Chai Chew, Gibson Jesse, Li Pengyang, Pampari Anusri, Patel Aman, Kundaje Anshul, Wang Bo
Department of Bioengineering, Stanford University, Stanford, USA.
Department of Computer Science, Stanford University, Stanford, USA.
bioRxiv. 2024 Sep 6:2024.09.03.611027. doi: 10.1101/2024.09.03.611027.
Cell types evolve into a hierarchy with related types grouped into families. How cell type diversification is constrained by the stable separation between families over vast evolutionary times remains unknown. Here, integrating single-nucleus multiomic sequencing and deep learning, we show that hundreds of sequence features (motifs) divide into distinct sets associated with accessible genomes of specific cell type families. This division is conserved across highly divergent, early-branching animals including flatworms and cnidarians. While specific interactions between motifs delineate cell type relationships within families, surprisingly, these interactions are not conserved between species. Consistently, while deep learning models trained on one species can predict accessibility of other species' sequences, their predictions frequently rely on distinct, but synonymous, motif combinations. We propose that long-term stability of cell type families is maintained through genome access specified by conserved motif sets, or 'vocabularies', whereas cell types diversify through flexible use of motifs within each set.

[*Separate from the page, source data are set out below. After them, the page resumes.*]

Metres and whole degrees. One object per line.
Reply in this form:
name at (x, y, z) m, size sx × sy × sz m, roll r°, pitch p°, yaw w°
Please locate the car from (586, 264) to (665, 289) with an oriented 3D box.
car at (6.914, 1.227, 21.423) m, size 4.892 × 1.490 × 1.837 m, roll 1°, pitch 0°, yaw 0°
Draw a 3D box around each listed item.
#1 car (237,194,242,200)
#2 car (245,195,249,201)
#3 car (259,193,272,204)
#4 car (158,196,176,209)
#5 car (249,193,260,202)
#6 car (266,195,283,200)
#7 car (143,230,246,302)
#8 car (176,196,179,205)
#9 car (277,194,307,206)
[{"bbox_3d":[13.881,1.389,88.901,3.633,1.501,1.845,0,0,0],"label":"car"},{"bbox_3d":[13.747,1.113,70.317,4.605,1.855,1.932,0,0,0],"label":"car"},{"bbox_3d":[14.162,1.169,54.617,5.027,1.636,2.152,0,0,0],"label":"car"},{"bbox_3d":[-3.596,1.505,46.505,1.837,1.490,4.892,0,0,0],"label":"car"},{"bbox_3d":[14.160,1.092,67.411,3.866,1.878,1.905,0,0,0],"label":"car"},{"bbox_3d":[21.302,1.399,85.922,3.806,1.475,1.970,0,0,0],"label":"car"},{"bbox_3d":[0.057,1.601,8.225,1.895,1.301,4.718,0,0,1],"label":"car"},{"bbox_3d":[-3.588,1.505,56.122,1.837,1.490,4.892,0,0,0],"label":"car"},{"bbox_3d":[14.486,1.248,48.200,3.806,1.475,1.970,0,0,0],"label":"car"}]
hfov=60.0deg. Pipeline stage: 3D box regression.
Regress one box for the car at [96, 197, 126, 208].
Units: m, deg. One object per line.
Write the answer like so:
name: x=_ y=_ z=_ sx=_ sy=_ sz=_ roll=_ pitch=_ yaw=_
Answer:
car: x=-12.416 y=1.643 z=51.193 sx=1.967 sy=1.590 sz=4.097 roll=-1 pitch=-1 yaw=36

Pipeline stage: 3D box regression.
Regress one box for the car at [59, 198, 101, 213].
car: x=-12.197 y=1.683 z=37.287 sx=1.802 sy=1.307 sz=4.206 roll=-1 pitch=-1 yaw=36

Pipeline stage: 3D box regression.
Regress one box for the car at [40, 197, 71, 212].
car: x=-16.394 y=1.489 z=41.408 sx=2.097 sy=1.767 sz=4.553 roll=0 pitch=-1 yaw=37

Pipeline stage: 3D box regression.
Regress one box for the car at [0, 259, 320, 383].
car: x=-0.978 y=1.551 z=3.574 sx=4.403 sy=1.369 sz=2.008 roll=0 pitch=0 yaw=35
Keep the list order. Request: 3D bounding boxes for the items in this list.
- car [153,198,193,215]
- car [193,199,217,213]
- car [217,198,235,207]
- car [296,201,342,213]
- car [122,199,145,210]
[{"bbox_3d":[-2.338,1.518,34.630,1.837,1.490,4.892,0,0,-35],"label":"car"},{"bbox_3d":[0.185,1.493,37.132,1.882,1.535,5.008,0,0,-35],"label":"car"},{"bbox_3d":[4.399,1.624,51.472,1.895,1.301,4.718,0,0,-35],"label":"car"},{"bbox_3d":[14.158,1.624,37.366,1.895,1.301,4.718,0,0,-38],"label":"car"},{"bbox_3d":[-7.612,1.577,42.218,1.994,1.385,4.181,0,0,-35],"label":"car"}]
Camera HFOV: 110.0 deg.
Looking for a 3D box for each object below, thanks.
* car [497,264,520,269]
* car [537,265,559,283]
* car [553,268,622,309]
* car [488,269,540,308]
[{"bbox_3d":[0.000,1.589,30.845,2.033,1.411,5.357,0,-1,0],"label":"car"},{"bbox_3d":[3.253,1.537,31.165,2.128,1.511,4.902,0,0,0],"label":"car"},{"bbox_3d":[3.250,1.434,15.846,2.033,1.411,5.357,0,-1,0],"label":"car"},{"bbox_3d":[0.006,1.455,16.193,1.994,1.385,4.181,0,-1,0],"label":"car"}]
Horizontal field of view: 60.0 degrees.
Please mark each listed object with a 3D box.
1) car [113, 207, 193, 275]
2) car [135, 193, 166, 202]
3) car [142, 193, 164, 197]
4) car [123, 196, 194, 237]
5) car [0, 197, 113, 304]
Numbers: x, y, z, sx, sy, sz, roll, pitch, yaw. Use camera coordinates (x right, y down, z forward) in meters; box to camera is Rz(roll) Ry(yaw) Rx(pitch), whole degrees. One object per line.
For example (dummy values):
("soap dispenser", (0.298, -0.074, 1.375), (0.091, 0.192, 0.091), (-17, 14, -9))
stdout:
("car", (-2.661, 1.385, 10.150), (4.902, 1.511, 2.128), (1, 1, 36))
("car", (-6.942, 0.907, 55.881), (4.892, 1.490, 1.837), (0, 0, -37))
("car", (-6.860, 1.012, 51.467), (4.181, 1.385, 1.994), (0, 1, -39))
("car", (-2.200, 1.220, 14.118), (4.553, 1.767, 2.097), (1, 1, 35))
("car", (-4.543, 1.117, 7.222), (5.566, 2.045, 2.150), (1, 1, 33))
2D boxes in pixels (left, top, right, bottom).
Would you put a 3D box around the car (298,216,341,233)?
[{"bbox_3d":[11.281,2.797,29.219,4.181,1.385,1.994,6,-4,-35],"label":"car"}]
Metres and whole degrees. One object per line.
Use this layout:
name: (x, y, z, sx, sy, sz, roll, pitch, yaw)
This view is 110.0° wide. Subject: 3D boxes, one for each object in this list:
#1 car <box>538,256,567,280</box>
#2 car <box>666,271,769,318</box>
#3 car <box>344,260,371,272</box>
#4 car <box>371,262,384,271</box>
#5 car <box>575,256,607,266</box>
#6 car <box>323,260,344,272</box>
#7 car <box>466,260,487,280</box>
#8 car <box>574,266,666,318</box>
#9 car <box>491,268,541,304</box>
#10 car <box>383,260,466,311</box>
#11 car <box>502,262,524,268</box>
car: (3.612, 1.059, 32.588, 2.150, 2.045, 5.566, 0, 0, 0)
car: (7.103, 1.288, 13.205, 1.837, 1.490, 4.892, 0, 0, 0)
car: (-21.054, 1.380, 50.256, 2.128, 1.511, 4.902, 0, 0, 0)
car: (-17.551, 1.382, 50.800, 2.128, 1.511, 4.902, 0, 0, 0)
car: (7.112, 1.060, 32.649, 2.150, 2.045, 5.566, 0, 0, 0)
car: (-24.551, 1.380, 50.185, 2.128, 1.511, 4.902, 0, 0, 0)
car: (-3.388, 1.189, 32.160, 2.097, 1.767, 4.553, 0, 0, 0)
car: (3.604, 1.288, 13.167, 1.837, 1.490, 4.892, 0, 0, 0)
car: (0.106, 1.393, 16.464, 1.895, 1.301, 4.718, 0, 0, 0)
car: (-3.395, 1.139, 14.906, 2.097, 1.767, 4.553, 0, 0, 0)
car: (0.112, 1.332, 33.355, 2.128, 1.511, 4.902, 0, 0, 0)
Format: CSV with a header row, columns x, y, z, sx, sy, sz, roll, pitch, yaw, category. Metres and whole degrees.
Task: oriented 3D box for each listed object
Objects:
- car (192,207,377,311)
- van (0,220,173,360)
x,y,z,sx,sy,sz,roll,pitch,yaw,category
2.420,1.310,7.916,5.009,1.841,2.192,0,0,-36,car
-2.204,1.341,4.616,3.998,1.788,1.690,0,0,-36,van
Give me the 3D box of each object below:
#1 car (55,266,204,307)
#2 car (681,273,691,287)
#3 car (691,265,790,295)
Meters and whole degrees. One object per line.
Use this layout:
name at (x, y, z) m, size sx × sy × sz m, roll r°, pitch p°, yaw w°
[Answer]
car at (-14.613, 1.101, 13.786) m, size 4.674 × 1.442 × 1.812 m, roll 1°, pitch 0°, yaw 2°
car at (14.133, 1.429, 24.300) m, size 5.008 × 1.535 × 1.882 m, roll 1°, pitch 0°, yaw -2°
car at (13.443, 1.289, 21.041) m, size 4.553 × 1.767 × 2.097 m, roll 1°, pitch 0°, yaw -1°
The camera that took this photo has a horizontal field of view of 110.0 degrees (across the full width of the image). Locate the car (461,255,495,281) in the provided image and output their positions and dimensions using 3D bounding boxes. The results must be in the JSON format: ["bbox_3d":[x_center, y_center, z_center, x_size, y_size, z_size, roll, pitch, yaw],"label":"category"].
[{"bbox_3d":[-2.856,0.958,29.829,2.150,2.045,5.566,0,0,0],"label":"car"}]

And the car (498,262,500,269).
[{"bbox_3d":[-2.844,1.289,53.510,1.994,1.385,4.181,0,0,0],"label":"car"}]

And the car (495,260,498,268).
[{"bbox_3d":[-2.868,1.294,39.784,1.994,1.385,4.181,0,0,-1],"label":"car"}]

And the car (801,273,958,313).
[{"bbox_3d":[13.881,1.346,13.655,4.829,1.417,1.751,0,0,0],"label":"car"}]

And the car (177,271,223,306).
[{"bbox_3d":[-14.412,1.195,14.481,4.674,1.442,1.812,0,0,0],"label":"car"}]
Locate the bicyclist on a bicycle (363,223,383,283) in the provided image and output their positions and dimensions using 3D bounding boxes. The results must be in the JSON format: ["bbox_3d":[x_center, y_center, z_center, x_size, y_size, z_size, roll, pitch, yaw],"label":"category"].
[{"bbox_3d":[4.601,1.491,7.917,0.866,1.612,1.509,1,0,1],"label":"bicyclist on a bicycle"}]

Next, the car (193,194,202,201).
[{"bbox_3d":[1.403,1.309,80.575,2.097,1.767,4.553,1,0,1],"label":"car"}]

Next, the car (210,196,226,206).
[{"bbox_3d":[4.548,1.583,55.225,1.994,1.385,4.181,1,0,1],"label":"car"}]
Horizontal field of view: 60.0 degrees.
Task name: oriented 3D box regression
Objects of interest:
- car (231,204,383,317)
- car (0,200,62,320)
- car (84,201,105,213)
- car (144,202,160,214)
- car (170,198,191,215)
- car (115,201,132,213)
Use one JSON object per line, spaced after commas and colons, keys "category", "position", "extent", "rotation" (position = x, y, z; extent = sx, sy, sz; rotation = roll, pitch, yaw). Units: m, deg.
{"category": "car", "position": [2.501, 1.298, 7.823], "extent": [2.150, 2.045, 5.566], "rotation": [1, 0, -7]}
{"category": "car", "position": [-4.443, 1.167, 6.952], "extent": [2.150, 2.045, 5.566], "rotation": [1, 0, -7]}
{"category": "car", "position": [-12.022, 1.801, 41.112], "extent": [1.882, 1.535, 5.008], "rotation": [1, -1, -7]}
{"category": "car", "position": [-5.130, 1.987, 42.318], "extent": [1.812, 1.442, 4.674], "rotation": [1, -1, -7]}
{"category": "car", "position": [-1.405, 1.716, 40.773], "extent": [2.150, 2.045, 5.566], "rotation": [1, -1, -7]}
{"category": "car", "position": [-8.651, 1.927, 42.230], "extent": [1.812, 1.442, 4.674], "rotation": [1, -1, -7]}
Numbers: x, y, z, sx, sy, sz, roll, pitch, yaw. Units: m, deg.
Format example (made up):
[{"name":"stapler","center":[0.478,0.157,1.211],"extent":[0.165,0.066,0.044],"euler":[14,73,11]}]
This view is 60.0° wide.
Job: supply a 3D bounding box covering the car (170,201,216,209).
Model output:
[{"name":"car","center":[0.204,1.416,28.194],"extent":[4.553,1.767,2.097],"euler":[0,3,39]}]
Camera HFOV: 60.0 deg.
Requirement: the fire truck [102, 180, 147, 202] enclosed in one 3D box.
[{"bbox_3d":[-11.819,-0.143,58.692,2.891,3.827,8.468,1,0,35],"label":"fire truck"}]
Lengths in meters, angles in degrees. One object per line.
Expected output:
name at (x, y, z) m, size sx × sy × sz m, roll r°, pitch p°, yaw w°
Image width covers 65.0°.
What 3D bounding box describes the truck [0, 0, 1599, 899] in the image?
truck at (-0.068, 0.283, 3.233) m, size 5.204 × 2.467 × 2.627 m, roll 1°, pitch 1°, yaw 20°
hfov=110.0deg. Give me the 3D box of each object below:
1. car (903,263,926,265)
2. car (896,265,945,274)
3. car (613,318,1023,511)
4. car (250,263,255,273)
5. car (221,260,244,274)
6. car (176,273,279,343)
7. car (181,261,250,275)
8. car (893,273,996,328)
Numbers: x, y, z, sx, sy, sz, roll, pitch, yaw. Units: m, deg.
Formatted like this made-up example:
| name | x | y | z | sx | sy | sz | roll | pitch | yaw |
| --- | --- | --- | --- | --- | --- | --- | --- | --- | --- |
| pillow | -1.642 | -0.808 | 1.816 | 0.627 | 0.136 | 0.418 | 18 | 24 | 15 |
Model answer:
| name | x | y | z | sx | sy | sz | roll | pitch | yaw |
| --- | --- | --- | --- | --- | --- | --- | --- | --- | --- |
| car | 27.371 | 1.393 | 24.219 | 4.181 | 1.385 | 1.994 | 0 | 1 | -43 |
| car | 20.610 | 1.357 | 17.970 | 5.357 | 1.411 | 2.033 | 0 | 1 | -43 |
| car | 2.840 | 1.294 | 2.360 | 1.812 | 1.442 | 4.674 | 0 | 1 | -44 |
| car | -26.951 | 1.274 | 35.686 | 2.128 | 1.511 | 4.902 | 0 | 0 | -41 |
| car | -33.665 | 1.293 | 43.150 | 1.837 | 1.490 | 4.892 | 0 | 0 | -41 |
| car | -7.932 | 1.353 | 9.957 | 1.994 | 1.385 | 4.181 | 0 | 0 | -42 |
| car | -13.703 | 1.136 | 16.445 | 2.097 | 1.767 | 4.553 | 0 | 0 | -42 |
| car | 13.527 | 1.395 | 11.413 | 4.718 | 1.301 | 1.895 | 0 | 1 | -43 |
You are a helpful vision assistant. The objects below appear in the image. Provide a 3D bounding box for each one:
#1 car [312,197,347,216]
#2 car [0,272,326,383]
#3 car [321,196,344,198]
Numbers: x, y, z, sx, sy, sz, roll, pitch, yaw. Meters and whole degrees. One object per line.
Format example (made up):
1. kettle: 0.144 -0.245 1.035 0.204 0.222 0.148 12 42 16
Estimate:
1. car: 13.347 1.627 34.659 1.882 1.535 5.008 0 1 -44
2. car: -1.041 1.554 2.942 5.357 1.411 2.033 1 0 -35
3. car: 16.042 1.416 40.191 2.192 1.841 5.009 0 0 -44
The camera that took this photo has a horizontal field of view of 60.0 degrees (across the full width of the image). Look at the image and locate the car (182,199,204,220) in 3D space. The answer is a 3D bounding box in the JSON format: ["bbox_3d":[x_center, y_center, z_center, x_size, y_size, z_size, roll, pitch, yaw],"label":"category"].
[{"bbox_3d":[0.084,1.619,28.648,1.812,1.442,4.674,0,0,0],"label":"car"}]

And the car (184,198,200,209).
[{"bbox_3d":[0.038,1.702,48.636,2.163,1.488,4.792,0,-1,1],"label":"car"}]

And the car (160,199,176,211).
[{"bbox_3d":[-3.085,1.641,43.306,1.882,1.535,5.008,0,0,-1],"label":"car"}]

细胞类型逐渐演变成一个层次结构,相关类型被归为家族。在漫长的进化时间里,细胞类型的多样化如何受到家族之间稳定分离的限制仍然未知。在这里,通过整合单核多组学测序和深度学习,我们表明数百个序列特征(基序)分为与特定细胞类型家族的可及基因组相关的不同集合。这种划分在包括扁虫和刺胞动物在内的高度分化的早期分支动物中是保守的。虽然基序之间的特定相互作用描绘了家族内的细胞类型关系,但令人惊讶的是,这些相互作用在物种之间并不保守。一致地,虽然在一个物种上训练的深度学习模型可以预测其他物种序列的可及性,但它们的预测通常依赖于不同但同义的基序组合。我们提出,细胞类型家族的长期稳定性是通过由保守的基序集或“词汇表”指定的基因组可及性来维持的,而细胞类型则通过灵活使用每个集合中的基序来实现多样化。